Uses Plotly Express for convenient faceting and animation with automatic styling. For simple plots without faceting, can optionally add to an existing figure.
Parameters:
Name | Type | Description | Default |
---|---|---|---|
data | DataFrame | DataArray | Dataset | A DataFrame or xarray DataArray/Dataset to plot. | required |
mode | Literal['stacked_bar', 'line', 'area', 'grouped_bar'] | The plotting mode. Use 'stacked_bar' for stacked bar charts, 'line' for lines, 'area' for stacked area charts, or 'grouped_bar' for grouped bar charts. | 'stacked_bar' |
colors | ColorType | Color specification (colormap, list, or dict mapping labels to colors). | 'viridis' |
title | str | The main title of the plot. | '' |
ylabel | str | The label for the y-axis. | '' |
xlabel | str | The label for the x-axis. | 'Time in h' |
fig | Figure | None | A Plotly figure object to plot on (only for simple plots without faceting). If not provided, a new figure will be created. | None |
facet_by | str | list[str] | None | Dimension(s) to create facets for. Creates a subplot grid. Can be a single dimension name or list of dimensions (max 2 for facet_row and facet_col). If the dimension doesn't exist in the data, it will be silently ignored. | None |
animate_by | str | None | Dimension to animate over. Creates animation frames.
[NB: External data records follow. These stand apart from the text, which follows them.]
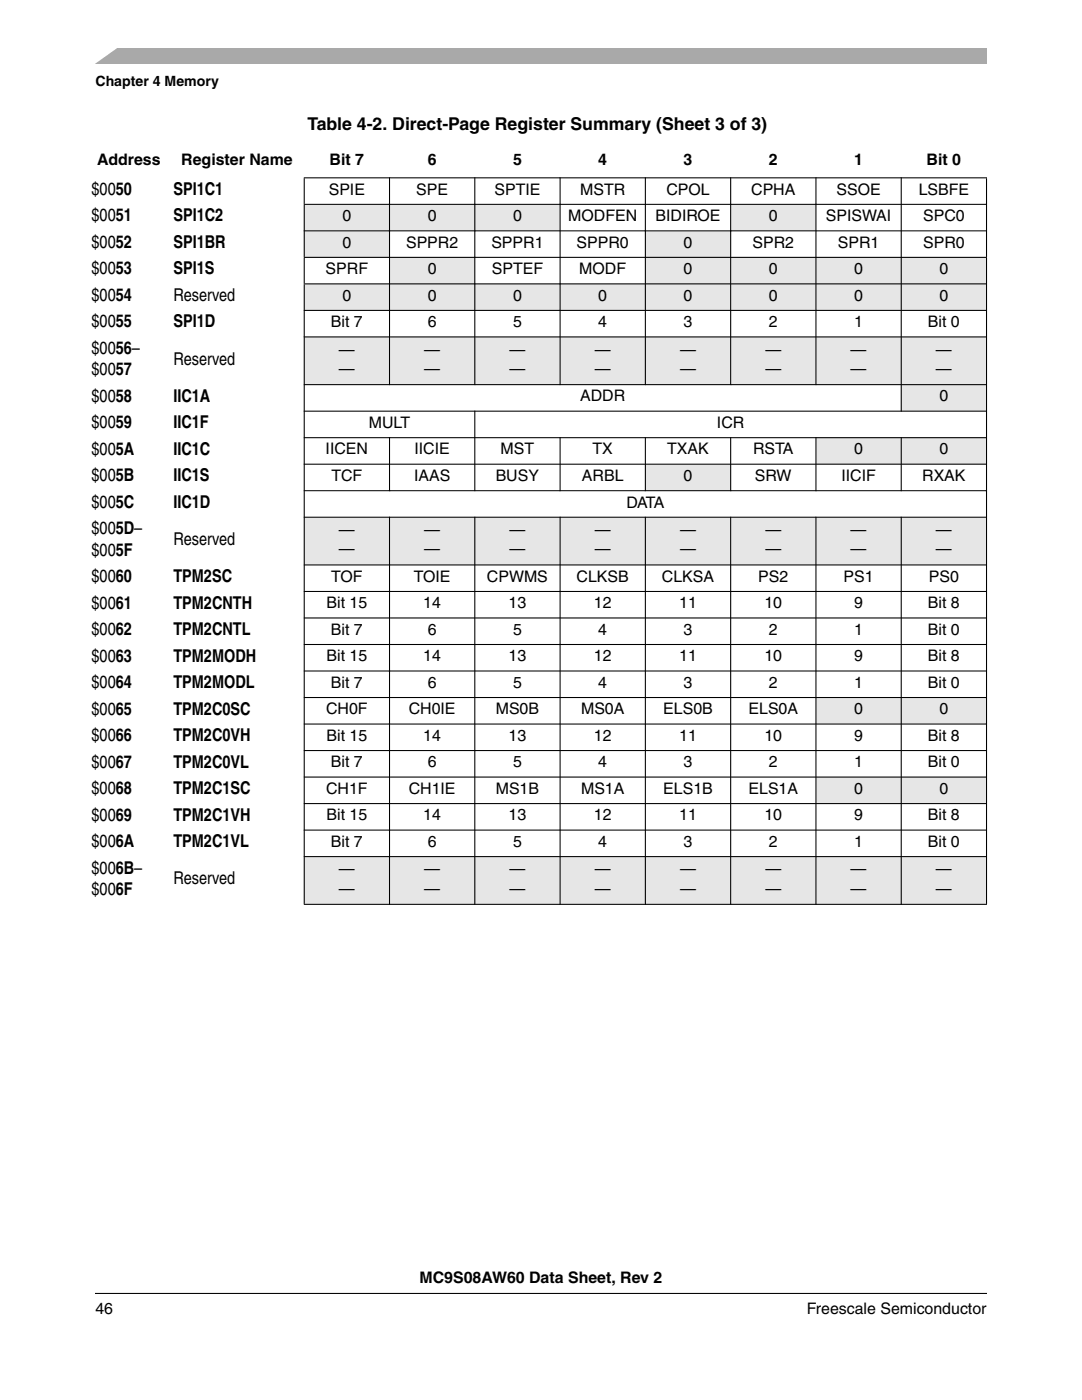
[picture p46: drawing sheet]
<svg xmlns="http://www.w3.org/2000/svg" width="216mm" height="279mm" viewBox="0 0 216 279" stroke-linecap="round" stroke-linejoin="round" font-family="sans-serif">
<defs><g id="words">
<g font-size="3.5">
<text x="61.3" y="25.8">Table 4-2. Direct-Page Register Summary (Sheet 3 of 3)</text>
<text x="18.3" y="38.9">$0050</text>
<text x="34.6" y="38.9">SPI1C1</text>
<text x="18.3" y="44.2">$0051</text>
<text x="34.6" y="44.2">SPI1C2</text>
<text x="18.3" y="49.5">$0052</text>
<text x="34.6" y="49.5">SPI1BR</text>
<text x="18.3" y="54.8">$0053</text>
<text x="34.6" y="54.8">SPI1S</text>
<text x="18.3" y="60.1">$0054</text>
<text x="18.3" y="65.4">$0055</text>
<text x="34.6" y="60.1">Reserved</text>
<text x="34.6" y="65.4">SPI1D</text>
<text x="18.3" y="70.7">$0056–</text>
<text x="18.3" y="74.9">$0057</text>
<text x="34.6" y="72.8">Reserved</text>
<text x="18.3" y="80.2">$0058</text>
<text x="34.6" y="80.2">IIC1A</text>
<text x="18.3" y="85.5">$0059</text>
<text x="34.6" y="85.5">IIC1F</text>
<text x="18.3" y="90.8">$005A</text>
<text x="34.6" y="90.8">IIC1C</text>
<text x="18.3" y="96.1">$005B</text>
<text x="18.3" y="101.3">$005C</text>
<text x="34.6" y="96.1">IIC1S</text>
<text x="34.6" y="101.3">IIC1D</text>
<text x="18.3" y="106.6">$005D–</text>
<text x="18.3" y="110.9">$005F</text>
<text x="34.6" y="108.8">Reserved</text>
<text x="18.3" y="116.2">$0060</text>
<text x="34.6" y="116.2">TPM2SC</text>
<text x="18.3" y="121.5">$0061</text>
<text x="34.6" y="121.5">TPM2CNTH</text>
<text x="18.3" y="126.7">$0062</text>
<text x="34.6" y="126.7">TPM2CNTL</text>
<text x="18.3" y="132">$0063</text>
<text x="18.3" y="137.3">$0064</text>
<text x="34.6" y="132">TPM2MODH</text>
<text x="34.6" y="137.3">TPM2MODL</text>
<text x="18.3" y="142.6">$0065</text>
<text x="34.6" y="142.6">TPM2C0SC</text>
<text x="18.3" y="147.9">$0066</text>
<text x="34.6" y="147.9">TPM2C0VH</text>
<text x="18.3" y="153.2">$0067</text>
<text x="34.6" y="153.2">TPM2C0VL</text>
<text x="18.3" y="158.5">$0068</text>
<text x="34.6" y="158.5">TPM2C1SC</text>
<text x="18.3" y="163.8">$0069</text>
<text x="34.6" y="163.8">TPM2C1VH</text>
<text x="18.3" y="169.1">$006A</text>
<text x="34.6" y="169.1">TPM2C1VL</text>
<text x="18.3" y="174.4">$006B–</text>
<text x="18.3" y="178.6">$006F</text>
<text x="34.6" y="176.5">Reserved</text>
</g>
<g font-size="3.2">
<text x="19.4" y="33">Address</text>
<text x="36.2" y="33">Register Name</text>
<text x="65.8" y="33">Bit 7</text>
<text x="85.4" y="33">6</text>
<text x="102.4" y="33">5</text>
<text x="119.4" y="33">4</text>
<text x="136.4" y="33">3</text>
<text x="153.4" y="33">2</text>
<text x="170.4" y="33">1</text>
<text x="184.9" y="33">Bit 0</text>
<text x="65.6" y="38.8">SPIE</text>
<text x="83.1" y="38.8">SPE</text>
<text x="98.7" y="38.8">SPTIE</text>
<text x="115.8" y="38.8">MSTR</text>
<text x="133" y="38.8">CPOL</text>
<text x="149.9" y="38.8">CPHA</text>
<text x="166.9" y="38.8">SSOE</text>
<text x="183.3" y="38.8">LSBFE</text>
<text x="68.3" y="44.1">0</text>
<text x="85.4" y="44.1">0</text>
<text x="102.4" y="44.1">0</text>
<text x="113.4" y="44.1">MODFEN</text>
<text x="130.8" y="44.1">BIDIROE</text>
<text x="153.4" y="44.1">0</text>
<text x="164.8" y="44.1">SPISWAI</text>
<text x="184.2" y="44.1">SPC0</text>
<text x="68.3" y="49.4">0</text>
<text x="81" y="49.4">SPPR2</text>
<text x="98" y="49.4">SPPR1</text>
<text x="115.1" y="49.4">SPPR0</text>
<text x="136.4" y="49.4">0</text>
<text x="150.2" y="49.4">SPR2</text>
<text x="167.2" y="49.4">SPR1</text>
<text x="184.2" y="49.4">SPR0</text>
<text x="65" y="54.7">SPRF</text>
<text x="85.4" y="54.7">0</text>
<text x="98.1" y="54.7">SPTEF</text>
<text x="115.6" y="54.7">MODF</text>
<text x="136.4" y="54.7">0</text>
<text x="153.4" y="54.7">0</text>
<text x="170.4" y="54.7">0</text>
<text x="187.5" y="54.7">0</text>
<text x="66" y="65.3">Bit 7</text>
<text x="68.3" y="60">0</text>
<text x="85.4" y="65.3">6</text>
<text x="85.4" y="60">0</text>
<text x="102.4" y="65.3">5</text>
<text x="102.4" y="60">0</text>
<text x="119.4" y="65.3">4</text>
<text x="119.4" y="60">0</text>
<text x="136.4" y="65.3">3</text>
<text x="136.4" y="60">0</text>
<text x="153.4" y="65.3">2</text>
<text x="153.4" y="60">0</text>
<text x="170.4" y="65.3">1</text>
<text x="170.4" y="60">0</text>
<text x="185.2" y="65.3">Bit 0</text>
<text x="187.5" y="60">0</text>
<text x="67.6" y="70.8">—</text>
<text x="84.6" y="70.8">—</text>
<text x="101.7" y="70.8">—</text>
<text x="118.7" y="70.8">—</text>
<text x="135.7" y="70.8">—</text>
<text x="152.7" y="70.8">—</text>
<text x="169.7" y="70.8">—</text>
<text x="186.8" y="70.8">—</text>
<text x="67.6" y="74.6">—</text>
<text x="84.6" y="74.6">—</text>
<text x="101.7" y="74.6">—</text>
<text x="118.7" y="74.6">—</text>
<text x="135.7" y="74.6">—</text>
<text x="152.7" y="74.6">—</text>
<text x="169.7" y="74.6">—</text>
<text x="186.8" y="74.6">—</text>
<text x="115.8" y="80.1">ADDR</text>
<text x="187.5" y="80.1">0</text>
<text x="73.6" y="85.4">MULT</text>
<text x="143.1" y="85.4">ICR</text>
<text x="65" y="90.7">IICEN</text>
<text x="66.1" y="96">TCF</text>
<text x="82.6" y="96">IAAS</text>
<text x="82.7" y="90.7">IICIE</text>
<text x="98.9" y="96">BUSY</text>
<text x="99.9" y="90.7">MST</text>
<text x="116.1" y="96">ARBL</text>
<text x="118.2" y="90.7">TX</text>
<text x="133.1" y="90.7">TXAK</text>
<text x="136.4" y="96">0</text>
<text x="150.3" y="90.7">RSTA</text>
<text x="150.7" y="96">SRW</text>
<text x="167.9" y="96">IICIF</text>
<text x="170.4" y="90.7">0</text>
<text x="184" y="96">RXAK</text>
<text x="187.5" y="90.7">0</text>
<text x="125" y="101.3">DATA</text>
<text x="67.6" y="106.8">—</text>
<text x="84.6" y="106.8">—</text>
<text x="101.7" y="106.8">—</text>
<text x="118.7" y="106.8">—</text>
<text x="135.7" y="106.8">—</text>
<text x="152.7" y="106.8">—</text>
<text x="169.7" y="106.8">—</text>
<text x="186.8" y="106.8">—</text>
<text x="67.6" y="110.6">—</text>
<text x="84.6" y="110.6">—</text>
<text x="101.7" y="110.6">—</text>
<text x="118.7" y="110.6">—</text>
<text x="135.7" y="110.6">—</text>
<text x="152.7" y="110.6">—</text>
<text x="169.7" y="110.6">—</text>
<text x="186.8" y="110.6">—</text>
<text x="66.1" y="116.1">TOF</text>
<text x="82.6" y="116.1">TOIE</text>
<text x="97.2" y="116.1">CPWMS</text>
<text x="115.1" y="116.1">CLKSB</text>
<text x="132.1" y="116.1">CLKSA</text>
<text x="151.3" y="116.1">PS2</text>
<text x="168.3" y="116.1">PS1</text>
<text x="185.3" y="116.1">PS0</text>
<text x="65.2" y="121.4">Bit 15</text>
<text x="84.5" y="121.4">14</text>
<text x="101.5" y="121.4">13</text>
<text x="118.5" y="121.4">12</text>
<text x="135.5" y="121.4">11</text>
<text x="152.5" y="121.4">10</text>
<text x="170.4" y="121.4">9</text>
<text x="185.2" y="121.4">Bit 8</text>
<text x="65.2" y="132">Bit 15</text>
<text x="66" y="126.7">Bit 7</text>
<text x="84.5" y="132">14</text>
<text x="85.4" y="126.7">6</text>
<text x="101.5" y="132">13</text>
<text x="102.4" y="126.7">5</text>
<text x="118.5" y="132">12</text>
<text x="119.4" y="126.7">4</text>
<text x="135.5" y="132">11</text>
<text x="136.4" y="126.7">3</text>
<text x="152.5" y="132">10</text>
<text x="153.4" y="126.7">2</text>
<text x="170.4" y="126.7">1</text>
<text x="170.4" y="132">9</text>
<text x="185.2" y="126.7">Bit 0</text>
<text x="185.2" y="132">Bit 8</text>
<text x="66" y="137.3">Bit 7</text>
<text x="85.4" y="137.3">6</text>
<text x="102.4" y="137.3">5</text>
<text x="119.4" y="137.3">4</text>
<text x="136.4" y="137.3">3</text>
<text x="153.4" y="137.3">2</text>
<text x="170.4" y="137.3">1</text>
<text x="185.2" y="137.3">Bit 0</text>
<text x="65.1" y="142.6">CH0F</text>
<text x="81.6" y="142.6">CH0IE</text>
<text x="98.9" y="142.6">MS0B</text>
<text x="115.9" y="142.6">MS0A</text>
<text x="132.3" y="142.6">ELS0B</text>
<text x="149.4" y="142.6">ELS0A</text>
<text x="170.4" y="142.6">0</text>
<text x="187.5" y="142.6">0</text>
<text x="65.2" y="147.8">Bit 15</text>
<text x="84.5" y="147.8">14</text>
<text x="101.5" y="147.8">13</text>
<text x="118.5" y="147.8">12</text>
<text x="135.5" y="147.8">11</text>
<text x="152.5" y="147.8">10</text>
<text x="170.4" y="147.8">9</text>
<text x="185.2" y="147.8">Bit 8</text>
<text x="66" y="153.1">Bit 7</text>
<text x="85.4" y="153.1">6</text>
<text x="102.4" y="153.1">5</text>
<text x="119.4" y="153.1">4</text>
<text x="136.4" y="153.1">3</text>
<text x="153.4" y="153.1">2</text>
<text x="170.4" y="153.1">1</text>
<text x="185.2" y="153.1">Bit 0</text>
<text x="65.1" y="158.4">CH1F</text>
<text x="81.6" y="158.4">CH1IE</text>
<text x="98.9" y="158.4">MS1B</text>
<text x="115.9" y="158.4">MS1A</text>
<text x="132.3" y="158.4">ELS1B</text>
<text x="149.4" y="158.4">ELS1A</text>
<text x="170.4" y="158.4">0</text>
<text x="187.5" y="158.4">0</text>
<text x="65.2" y="163.7">Bit 15</text>
<text x="84.5" y="163.7">14</text>
<text x="101.5" y="163.7">13</text>
<text x="118.5" y="163.7">12</text>
<text x="135.5" y="163.7">11</text>
<text x="152.5" y="163.7">10</text>
<text x="170.4" y="163.7">9</text>
<text x="185.2" y="163.7">Bit 8</text>
<text x="66" y="169">Bit 7</text>
<text x="85.4" y="169">6</text>
<text x="102.4" y="169">5</text>
<text x="119.4" y="169">4</text>
<text x="136.4" y="169">3</text>
<text x="153.4" y="169">2</text>
<text x="170.4" y="169">1</text>
<text x="185.2" y="169">Bit 0</text>
<text x="67.6" y="174.5">—</text>
<text x="67.6" y="178.4">—</text>
<text x="84.6" y="174.5">—</text>
<text x="84.6" y="178.4">—</text>
<text x="101.7" y="174.5">—</text>
<text x="101.7" y="178.4">—</text>
<text x="118.7" y="174.5">—</text>
<text x="118.7" y="178.4">—</text>
<text x="135.7" y="174.5">—</text>
<text x="135.7" y="178.4">—</text>
<text x="152.7" y="174.5">—</text>
<text x="152.7" y="178.4">—</text>
<text x="169.7" y="174.5">—</text>
<text x="169.7" y="178.4">—</text>
<text x="186.8" y="174.5">—</text>
<text x="186.8" y="178.4">—</text>
<text x="83.7" y="256.1">MC9S08AW60 Data Sheet, Rev 2</text>
<text x="19" y="262.3">46</text>
<text x="161" y="262.3">Freescale Semiconductor</text>
</g>
<text font-size="2.8" x="19" y="17.2">Chapter 4 Memory</text>
</g></defs>
<path d="M19 9.5h177.8v3.2h-177.8z" fill="#a7a9ac"/>
<g fill="#fff">
<path d="M17.1 9.2h6.8l-5.3 3.8h-1.5z"/>
<path d="M19 258.1h177.8z"/>
</g>
<path d="M19 257.2h177.8v2.3h-177.8z" fill="#fff"/>
<path d="M19 258.1h177.8" fill="none" stroke="#000" stroke-width=".21"/>
<g fill="#e6e6e6">
<path d="M60.7 40.8h17v5.3h-17z"/>
<path d="M77.7 40.8h17v5.3h-17z"/>
<path d="M94.7 40.8h17.1v5.3h-17.1z"/>
<path d="M145.8 40.8h17v5.3h-17z"/>
<path d="M60.7 46.1h17v5.3h-17z"/>
<path d="M128.8 46.1h17v5.3h-17z"/>
<path d="M77.7 51.4h17v5.3h-17z"/>
<path d="M128.8 51.4h17v5.3h-17z"/>
<path d="M145.8 51.4h17v5.3h-17z"/>
<path d="M162.8 51.4h17v5.3h-17z"/>
<path d="M179.8 51.4h17v5.3h-17z"/>
<path d="M60.7 56.7h17v5.2h-17z"/>
<path d="M77.7 56.7h17v5.2h-17z"/>
<path d="M94.7 56.7h17.1v5.2h-17.1z"/>
<path d="M111.8 56.7h17v5.2h-17z"/>
<path d="M128.8 56.7h17v5.2h-17z"/>
<path d="M145.8 56.7h17v5.2h-17z"/>
<path d="M162.8 56.7h17v5.2h-17z"/>
<path d="M179.8 56.7h17v5.2h-17z"/>
<path d="M60.7 67.2h17v9.6h-17z"/>
<path d="M77.7 67.2h17v9.6h-17z"/>
<path d="M94.7 67.2h17.1v9.6h-17.1z"/>
<path d="M111.8 67.2h17v9.6h-17z"/>
<path d="M128.8 67.2h17v9.6h-17z"/>
<path d="M145.8 67.2h17v9.6h-17z"/>
<path d="M162.8 67.2h17v9.6h-17z"/>
<path d="M179.8 67.2h17v9.6h-17z"/>
<path d="M179.8 76.8h17v5.3h-17z"/>
<path d="M162.8 87.3h17v5.3h-17z"/>
<path d="M179.8 87.3h17v5.3h-17z"/>
<path d="M128.8 92.6h17v5.3h-17z"/>
<path d="M60.7 103.2h17v9.5h-17z"/>
<path d="M77.7 103.2h17v9.5h-17z"/>
<path d="M94.7 103.2h17.1v9.5h-17.1z"/>
<path d="M111.8 103.2h17v9.5h-17z"/>
<path d="M128.8 103.2h17v9.5h-17z"/>
<path d="M145.8 103.2h17v9.5h-17z"/>
<path d="M162.8 103.2h17v9.5h-17z"/>
<path d="M179.8 103.2h17v9.5h-17z"/>
<path d="M162.8 139.2h17v5.3h-17z"/>
<path d="M179.8 139.2h17v5.3h-17z"/>
<path d="M162.8 155.1h17v5.3h-17z"/>
<path d="M179.8 155.1h17v5.3h-17z"/>
<path d="M60.7 171h17v9.5h-17z"/>
<path d="M77.7 171h17v9.5h-17z"/>
<path d="M94.7 171h17.1v9.5h-17.1z"/>
<path d="M111.8 171h17v9.5h-17z"/>
<path d="M128.8 171h17v9.5h-17z"/>
<path d="M145.8 171h17v9.5h-17z"/>
<path d="M162.8 171h17v9.5h-17z"/>
<path d="M179.8 171h17v9.5h-17z"/>
</g>
<g fill="#000" stroke="#000" stroke-width=".21">
<path d="M60.6 35.5h136.3zM60.7 35.6v5.1zM60.7 40.9v10.4zM60.7 51.5v5.1zM77.7 35.4v5.5zM77.7 40.7v5.5zM77.7 46v5.5zM60.6 46.1h17.2zM60.6 51.4h17.2zM94.7 35.4v5.5zM94.7 40.7v5.5zM94.7 46v10.7z"/>
<path d="M77.6 51.4h17.2zM111.8 35.4v21.3zM60.6 40.8h51.2zM128.8 35.4v10.8zM77.6 46.1h51.3zM94.7 51.4h34.2zM145.8 35.4v5.5zM145.8 40.7v5.5zM145.8 46v5.5zM111.7 40.8h34.2zM128.7 46.1h17.2zM162.8 35.4v16.1z"/>
<path d="M145.7 40.8h17.2zM179.8 35.4v16.1zM196.8 35.6v15.7zM162.7 40.8h34.2zM145.7 46.1h51.2zM128.7 51.4h68.2zM60.6 56.7h136.3zM77.7 51.3v25.6zM94.7 56.6v20.3zM111.8 56.6v20.3zM128.8 46v30.9zM145.8 51.3v25.6z"/>
<path d="M162.8 51.3v25.6zM60.6 61.9h136.3zM60.6 67.2h136.3zM60.6 76.8h136.3zM77.7 87.3v10.7zM94.7 82v16zM111.8 87.3v10.7zM128.8 87.3v10.7zM145.8 87.3v10.7zM162.8 87.3v10.7zM179.8 51.3v30.8zM179.8 87.3v10.7z"/>
<path d="M60.6 82.1h136.3zM60.6 87.3h136.3zM60.6 92.6h136.3zM60.6 97.9h136.3zM60.6 103.2h136.3zM60.6 112.7h136.3zM60.6 118h136.3zM60.6 123.3h136.3zM60.6 128.6h136.3zM60.6 133.9h136.3zM60.6 139.2h136.3zM60.6 144.5h136.3z"/>
<path d="M60.6 149.8h136.3zM60.6 155.1h136.3zM60.6 160.4h136.3zM60.6 165.7h136.3zM60.6 171h136.3zM60.7 56.7v123.7zM77.7 103.1v77.5zM94.7 103.1v77.5zM111.8 103.1v77.5zM128.8 103.1v77.5zM145.8 103.1v77.5zM162.8 103.1v77.5z"/>
<path d="M179.8 103.1v77.5zM196.8 51.5v128.9zM60.6 180.5h136.3z"/>
</g>
<use href="#words"/>
</svg>

If the dimension doesn't exist in the data, it will be silently ignored. | None |
facet_cols | int | Number of columns in the facet grid (used when facet_by is single dimension). | 3 |
shared_yaxes | bool | Whether subplots share y-axes. | True |
shared_xaxes | bool | Whether subplots share x-axes. | True |
Returns:
Type | Description |
---|---|
Figure | A Plotly figure object containing the faceted/animated plot. |
Examples:
Simple plot:
Facet by scenario:
Animate by period:
Facet and animate:
with_matplotlib ¶
with_matplotlib(data: DataFrame, mode: Literal['stacked_bar', 'line'] = 'stacked_bar', colors: ColorType = 'viridis', title: str = '', ylabel: str = '', xlabel: str = 'Time in h', figsize: tuple[int, int] = (12, 6), fig: Figure | None = None, ax: Axes | None = None) -> tuple[plt.Figure, plt.Axes]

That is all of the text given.